If we'd been running our own Postgres instance on our own host (i.e. not RDS) we could have easily worked around our compatibility issue. But we would have had to do a lot of things for ourselves that RDS was doing for us. So, I don't want turn you off of RDS. It's not perfect - but neither is running your own database instance. Let me address your second question .

With respect to success with RDS, yes. I've used it a bunch (with and without ArcGIS) and it's generally been great.

Performance has been fine, in my experience. In fact, on one project we run a tiny instance most of the time to save money, then restart it with tons of processor / memory / fast disk to do big data processing jobs.

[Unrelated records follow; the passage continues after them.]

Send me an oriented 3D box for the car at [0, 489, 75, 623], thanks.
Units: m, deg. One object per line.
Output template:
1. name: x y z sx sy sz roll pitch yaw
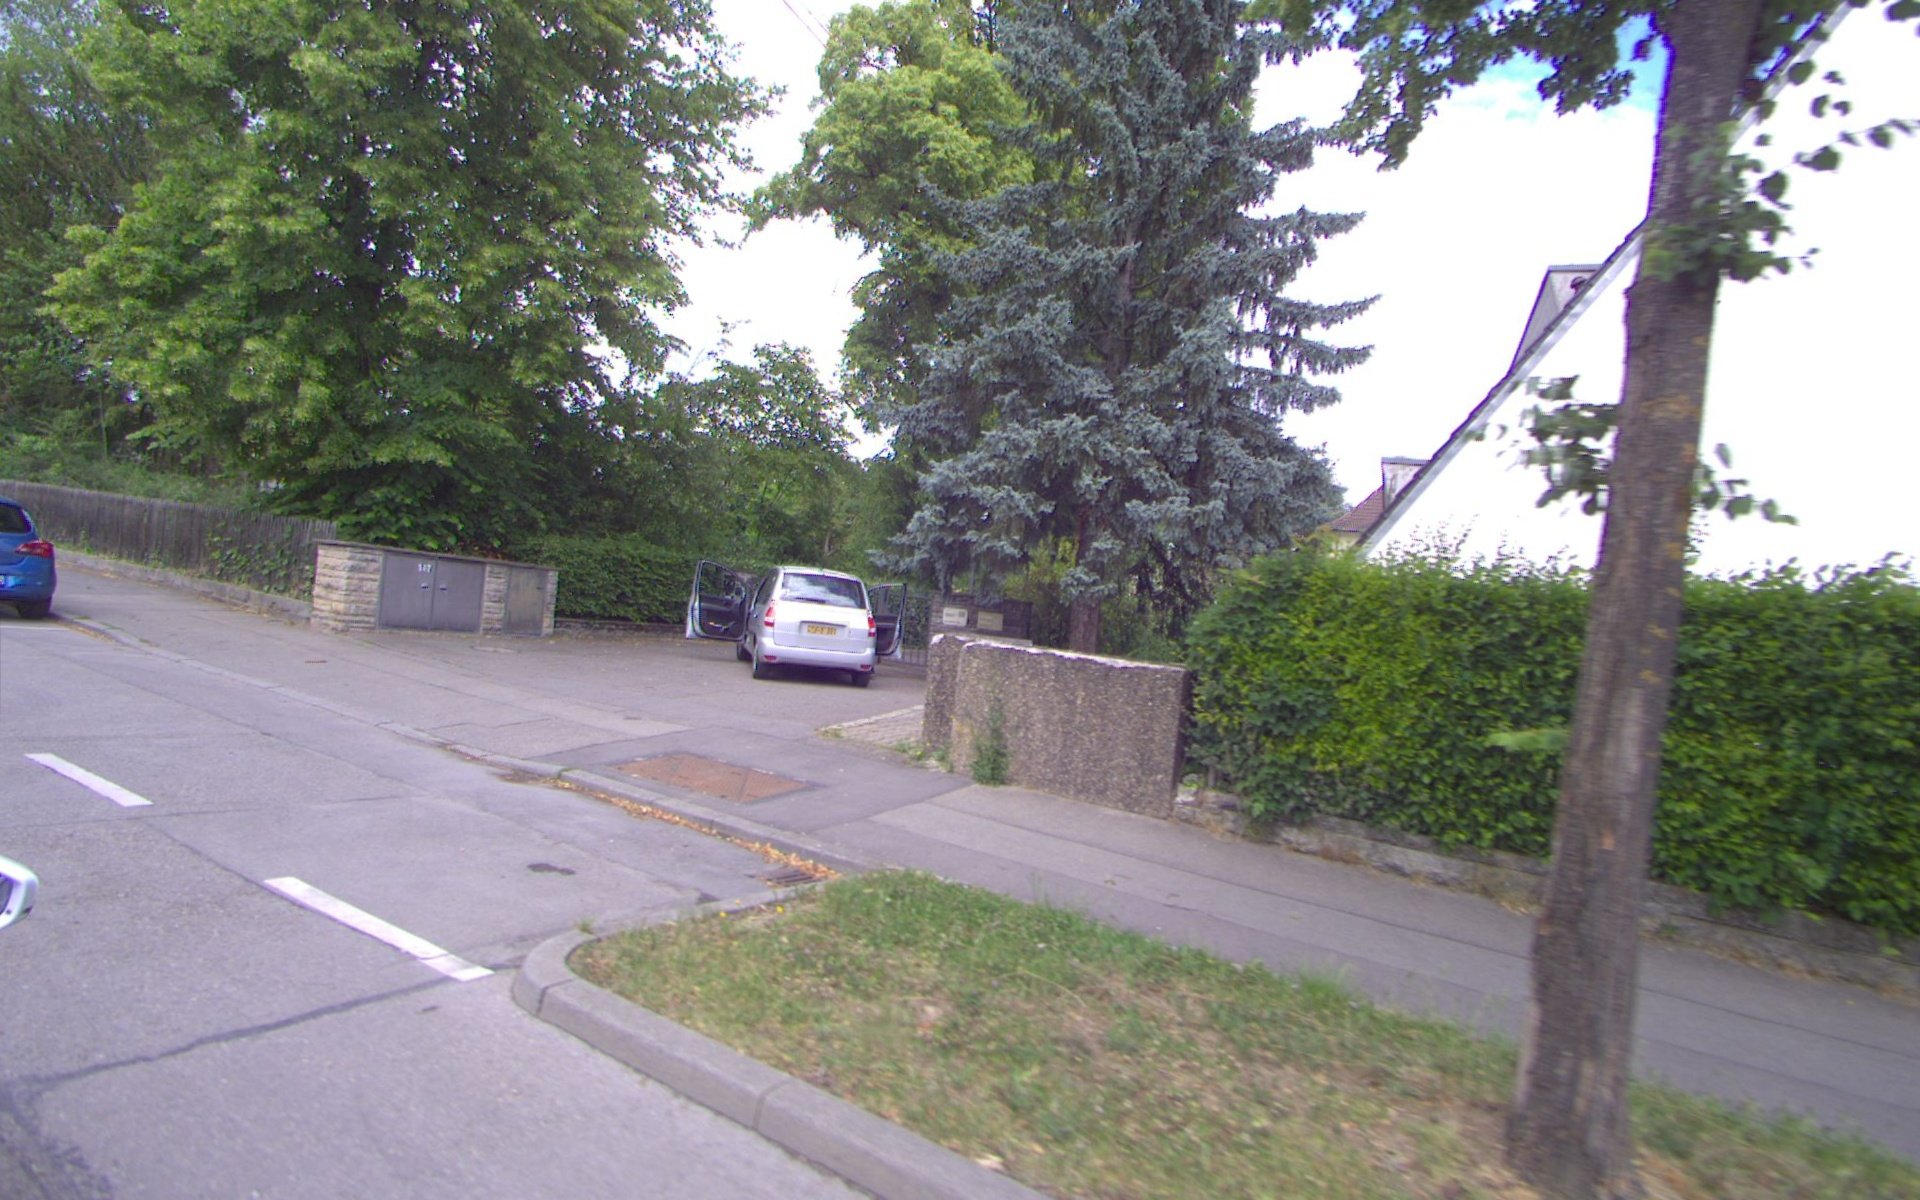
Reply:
1. car: -12.867 -0.733 12.399 3.854 1.519 1.688 7 0 30

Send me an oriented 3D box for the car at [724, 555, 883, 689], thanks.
1. car: -2.566 0.246 15.660 1.789 1.681 3.985 5 1 -17

When we're done, we restart it back on the tiny specs. If performance has been bad for you, maybe you need to provision more resources to your RDS instance? (I know that's obvious to say; I'm just guessing.)

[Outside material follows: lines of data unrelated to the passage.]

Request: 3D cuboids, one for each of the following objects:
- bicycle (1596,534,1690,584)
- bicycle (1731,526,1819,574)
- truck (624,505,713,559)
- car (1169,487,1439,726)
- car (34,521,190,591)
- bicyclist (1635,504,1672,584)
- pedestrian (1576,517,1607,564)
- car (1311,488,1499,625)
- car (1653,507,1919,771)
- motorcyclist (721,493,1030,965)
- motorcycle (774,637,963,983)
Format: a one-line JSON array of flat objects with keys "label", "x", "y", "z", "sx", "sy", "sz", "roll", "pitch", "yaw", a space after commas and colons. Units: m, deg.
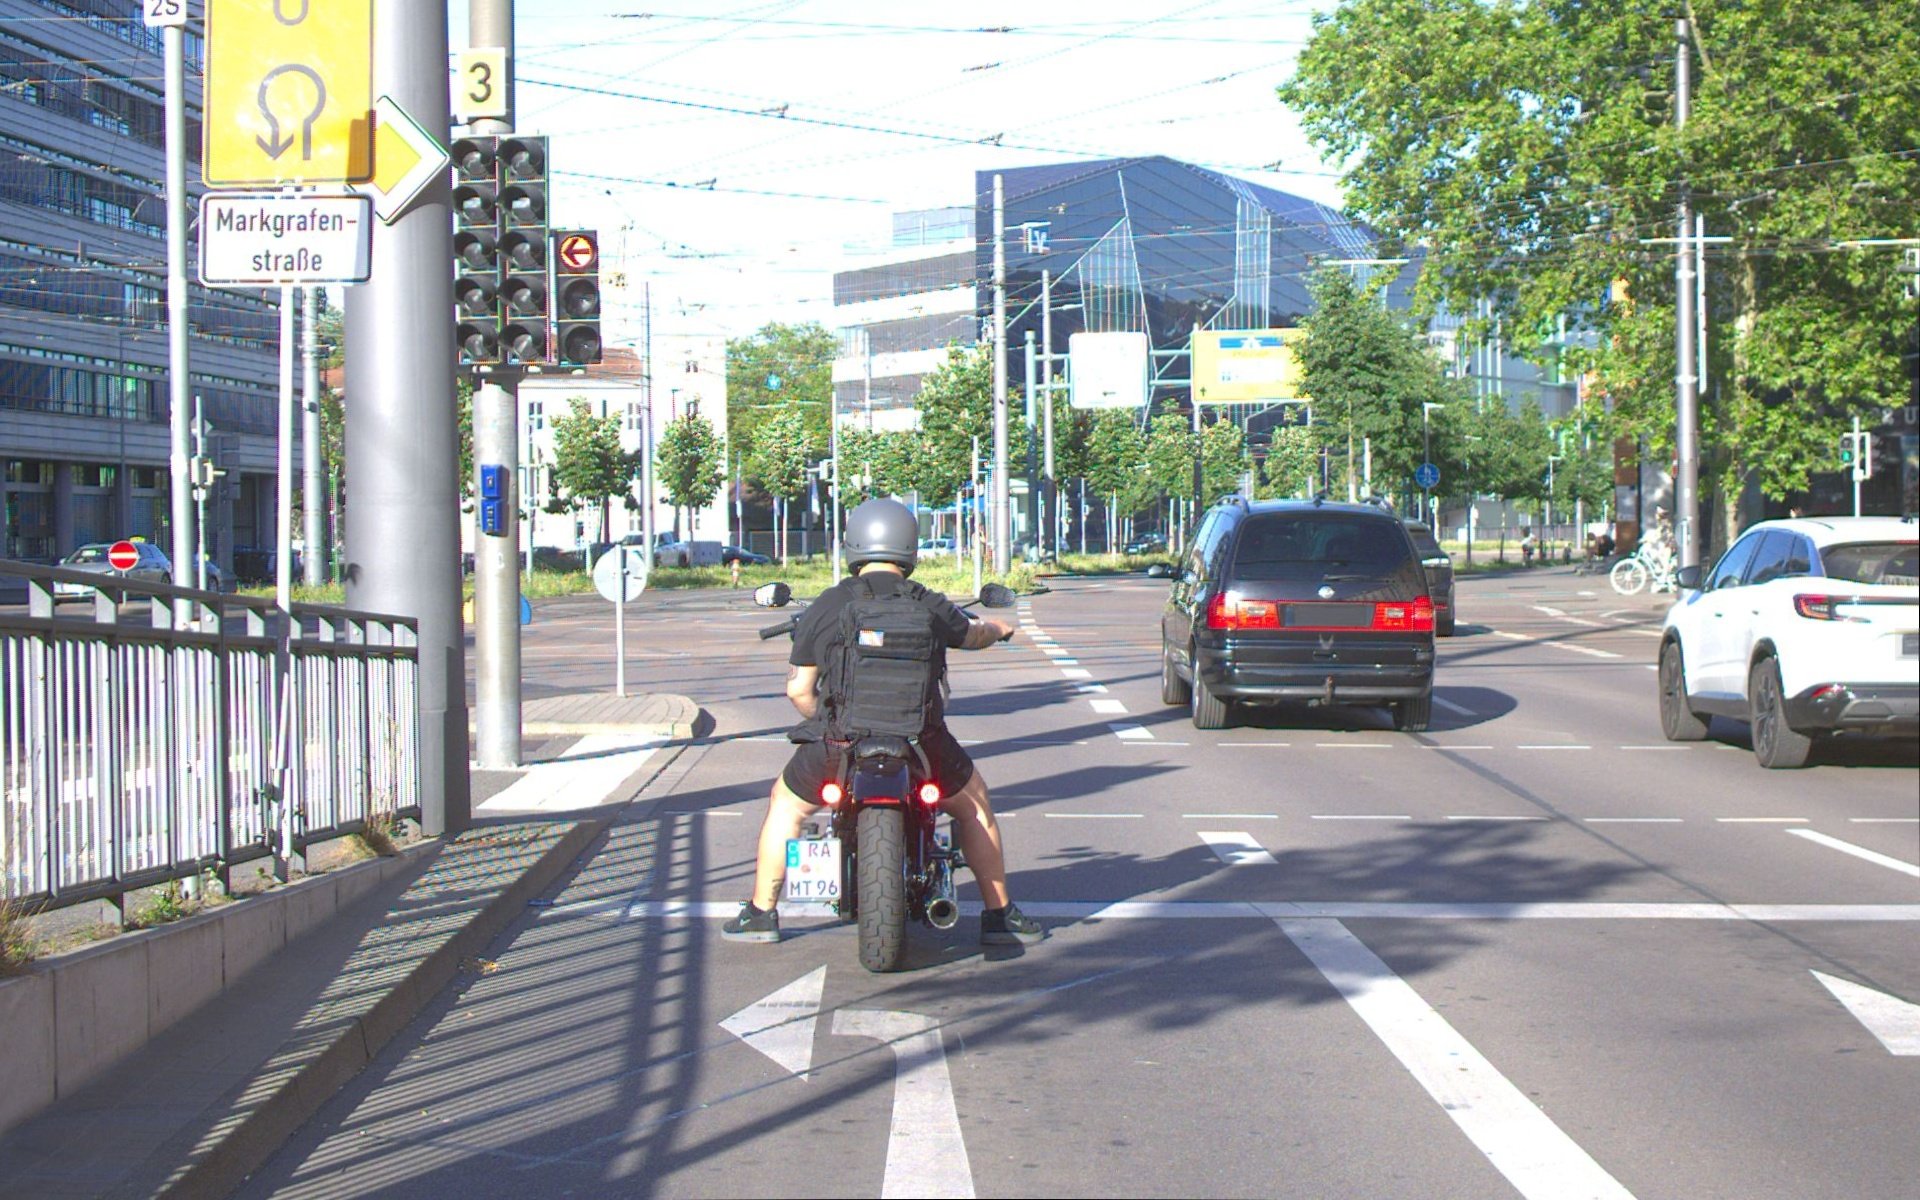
[{"label": "bicycle", "x": 14.303, "y": -0.854, "z": 71.955, "sx": 1.872, "sy": 1.040, "sz": 0.536, "roll": 0, "pitch": 0, "yaw": 19}, {"label": "bicycle", "x": 18.301, "y": -1.113, "z": 77.219, "sx": 1.880, "sy": 1.043, "sz": 0.360, "roll": 1, "pitch": 1, "yaw": -1}, {"label": "truck", "x": -10.845, "y": -2.510, "z": 128.339, "sx": 1.994, "sy": 1.873, "sz": 5.154, "roll": -3, "pitch": 0, "yaw": 10}, {"label": "car", "x": 2.568, "y": 0.029, "z": 26.509, "sx": 1.803, "sy": 1.672, "sz": 4.041, "roll": 1, "pitch": 0, "yaw": 2}, {"label": "car", "x": -19.922, "y": -1.053, "z": 80.980, "sx": 1.826, "sy": 1.563, "sz": 4.692, "roll": -1, "pitch": 1, "yaw": 10}, {"label": "bicyclist", "x": 14.484, "y": -1.168, "z": 71.824, "sx": 0.688, "sy": 1.667, "sz": 0.540, "roll": 0, "pitch": 0, "yaw": 19}, {"label": "pedestrian", "x": 17.896, "y": -1.677, "z": 97.478, "sx": 0.819, "sy": 1.309, "sz": 0.638, "roll": 1, "pitch": 0, "yaw": 9}, {"label": "car", "x": 5.741, "y": -0.560, "z": 44.772, "sx": 1.803, "sy": 1.672, "sz": 4.041, "roll": 1, "pitch": 1, "yaw": -1}, {"label": "car", "x": 5.909, "y": 0.224, "z": 22.861, "sx": 1.731, "sy": 1.593, "sz": 4.041, "roll": 1, "pitch": 1, "yaw": 0}, {"label": "motorcyclist", "x": -0.289, "y": 0.425, "z": 12.034, "sx": 1.030, "sy": 1.588, "sz": 0.873, "roll": 0, "pitch": 1, "yaw": -1}, {"label": "motorcycle", "x": -0.309, "y": 0.695, "z": 12.263, "sx": 0.600, "sy": 1.032, "sz": 2.234, "roll": 1, "pitch": 2, "yaw": -1}]

More generally, RDS is a double-edged sword: you don't have to manage much, but you don't get to manage much.

I find that RDS is a great fit for clients who don't have a full-time database person. Relying on AWS for automatic backups, automatic minor version upgrades - and one-click replication! - is fantastic. It works great. The AWS Console UI is even easy enough for technical staff without database skills to clone databases for testing. This kind of stuff is going to put me out of a job 🙂

On the other hand, to ensure that all of this magic automation is stable, Amazon necessarily restricts your access to some administrative things. For example, as we discussed above, you can't install any old version of any old extension, because you don't have access to the underlying host on which your RDS instance is running.

Perhaps more importantly, you don't have access to SUPERUSER. Lots of admin-type stuff in Postgres depends on SUPERUSER access. Again, Amazon can't give that to us, lest we break something like backups or replication - the very things that we're paying them to do for us by choosing RDS.

The problem with this is that there's no real substitute for SUPERUSER. This isn't like the "DBA" role in Oracle, which is just some arbitrary role that happens to come with the software and which you can recreate yourself by granting the same privileges. As far as I can tell, SUPERUSER is baked-in to the Postgres software, kind of like "sysadmin" in SQL Server. You can't fake it with other privileges; you have to have the actual, built-in SUPERUSER role for certain operations that require it.

This lack of control is a pain. But, is it more or less of a pain than managing by hand all of the things that RDS does for you? It depends on how well you know Postgres and how much time you have.

RDS is neither inherently good nor bad, nor is there some generic answer about which platform, RDS or normal Postgres, is best. It's a matter of finding the best fit for the task at hand.